I had a dream

I had a dream

The first thing that jumps to my mind when I hear “I have/had a dream” is Martin Luther King’s famous speech on the National Mall in 1963. In that noble dream, Dr. King foresaw a time when people were no longer prejudged by their race.

The second thing that jumps to my mind is all the times I have heard it from family and friends. “I had a dream” is implicitly followed by “that I just have to tell you about.” These are almost always bizarre, usually with one odd and impossible scene following another.

We probably do not remember most of our dreams. When I wake-up and recall a dream, it is usually of the boring, make-work kind. Dreams where I need to get something done, deadlines have to be met, time organized, plans executed, etc. I don’t mention these to others because they are not interesting, even to me.

I am not a psychologist, but on occasion have wondered how our sleeping minds create dreams. I assume that the plots come, in part, from concerns we have in life. The sets probably come from our extended environment, our homes, our work places, television and movies we have seen, and our “mind’s eye” of things we have read. The cast almost always features ourselves, often our family, sometimes our friends and pets, and other characters that we synthesize from all of these.

Last night I had a dream (I will get to that in a moment) which got me thinking about another possible ingredient – what is in our heart. It is possible that our dreams give us an objective glimpse at the current state of our souls. I believe that sometimes, dreams are one mechanism by which the Holy Spirit talks to us. There are plenty examples of that in Holy Scripture.

Last Friday was the Solemnity of the Most Sacred Heart of Jesus followed by the Immaculate Heart of Mary on Saturday. I read meditations and thought about the nature of Jesus and Mary, trying to better understand their holy natures in comparison to my fallen one.

I also thought about the hearts of Saints and those on a possible path to Sainthood such as Blessed Teresa of Calcutta and Blessed John Paul II. What kind of dreams did these people have?

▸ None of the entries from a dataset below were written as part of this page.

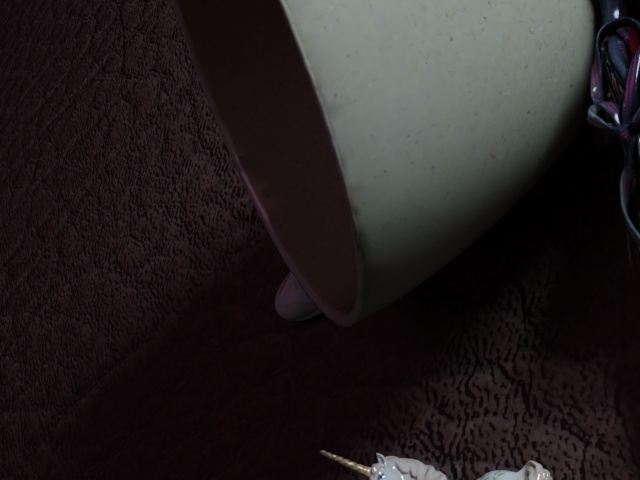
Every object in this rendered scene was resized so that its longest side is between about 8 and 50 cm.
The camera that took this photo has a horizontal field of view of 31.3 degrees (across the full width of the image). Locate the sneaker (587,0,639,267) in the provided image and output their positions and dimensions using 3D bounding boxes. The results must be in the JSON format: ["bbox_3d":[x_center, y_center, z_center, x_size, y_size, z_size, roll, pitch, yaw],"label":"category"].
[{"bbox_3d":[0.195,-0.043,0.605,0.121,0.112,0.299,-27,57,49],"label":"sneaker"}]

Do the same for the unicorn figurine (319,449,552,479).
[{"bbox_3d":[0.081,0.175,0.702,0.162,0.060,0.111,-19,52,29],"label":"unicorn figurine"}]

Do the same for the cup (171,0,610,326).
[{"bbox_3d":[0.056,-0.143,0.731,0.237,0.331,0.331,-23,32,-12],"label":"cup"}]

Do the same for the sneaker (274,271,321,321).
[{"bbox_3d":[0.000,0.000,0.909,0.161,0.075,0.057,-44,38,30],"label":"sneaker"}]
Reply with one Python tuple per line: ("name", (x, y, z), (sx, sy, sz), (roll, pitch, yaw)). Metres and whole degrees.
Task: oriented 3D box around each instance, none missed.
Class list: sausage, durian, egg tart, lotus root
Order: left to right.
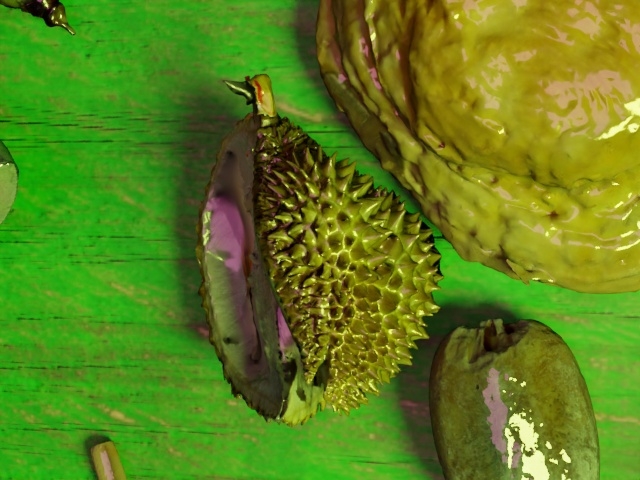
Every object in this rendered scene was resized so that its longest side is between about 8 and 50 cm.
("sausage", (-0.157, 0.227, 0.844), (0.024, 0.024, 0.132), (-22, 85, 15))
("durian", (0.000, 0.000, 0.731), (0.137, 0.193, 0.237), (-10, 103, -26))
("lotus root", (0.139, 0.149, 0.729), (0.113, 0.088, 0.192), (-12, 89, 9))
("egg tart", (0.142, -0.158, 0.688), (0.339, 0.153, 0.352), (29, 98, 16))

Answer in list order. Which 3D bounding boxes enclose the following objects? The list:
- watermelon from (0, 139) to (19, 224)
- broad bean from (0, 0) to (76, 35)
("watermelon", (-0.432, -0.064, 0.813), (0.319, 0.292, 0.222), (-36, 72, 55))
("broad bean", (-0.304, -0.301, 0.845), (0.339, 0.061, 0.077), (54, 142, 8))
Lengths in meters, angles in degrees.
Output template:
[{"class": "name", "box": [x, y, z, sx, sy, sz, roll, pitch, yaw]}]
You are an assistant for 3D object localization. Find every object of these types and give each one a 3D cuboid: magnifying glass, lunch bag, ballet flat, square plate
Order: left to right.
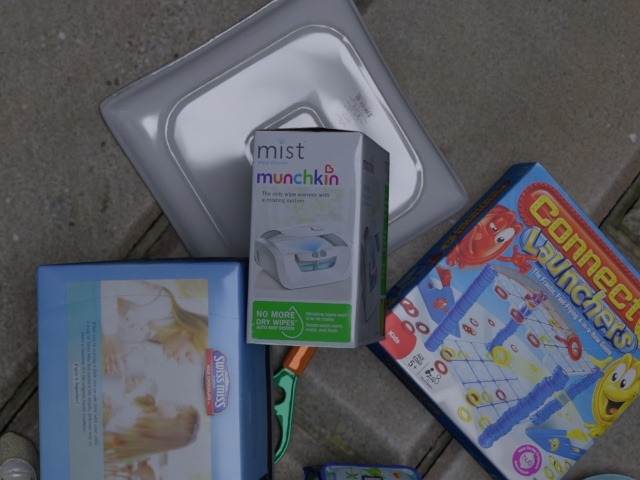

Sometimes in the past, I may have dreamed of something like winning the lottery (unlikely as I have never bought a ticket!). In a dream I could explore how people would react and how I would spend the money. I would have sudden fame, people would give me special deference as they often do towards the extremely wealthy and the money might be spent on fine but unnecessary luxuries. In short, pride and greed. What might Mother Teresa and Pope John Paul II have dreamt if their dreams gave them wealth? Somehow, I do not think their dreams would have been like mine at all.

In my dream last night, I was presented with a moral choice. Of course, as in life, no one said “George, you have a moral choice,” but an immoral opportunity arose. I found myself accepting that opportunity without giving it a lot of thought at first. As I proceeded, but before anything “happened,” it occurred to me that it was gravely sinful. I specifically remember that and deciding to proceed anyway. I even remember thinking that I will have to confess it and when and where to go to confession. Mercifully at that point I woke up.

A flood of emotions came to me as I laid in bed. Even though it was a dream, I was disappointed in myself, felt shameful, and very remorseful. Most of all I was mortified that I could act and think like this (it being a dream not withstanding). I could commit a mortal sin, clear and unambiguous. The matter was grave, I had sufficient reflection to completely understand the sinfulness, and I purposefully decided to go ahead anyway.

Since this was only a dream, I lacked the full capacity for free will of my waking self. No mortal sin was actually committed. Yet, I can not help feeling it was sinful none-the-less and that a small, hidden part of me was complicit. All I could do was say an act of contrition.

Why did I have a dream like that? Upon reflection, I think it may have been the Holy Spirit showing me the stark difference in my heart and that of Jesus and Mary. A lesson and ultimately a blessing to ask for and accept their grace to reject sin.

It also occurs to me, the fullness of God’s mercy in preparing our souls to be received into heaven after death. That is, the role of purgatory and its place in His plan seems a little clearer to me today.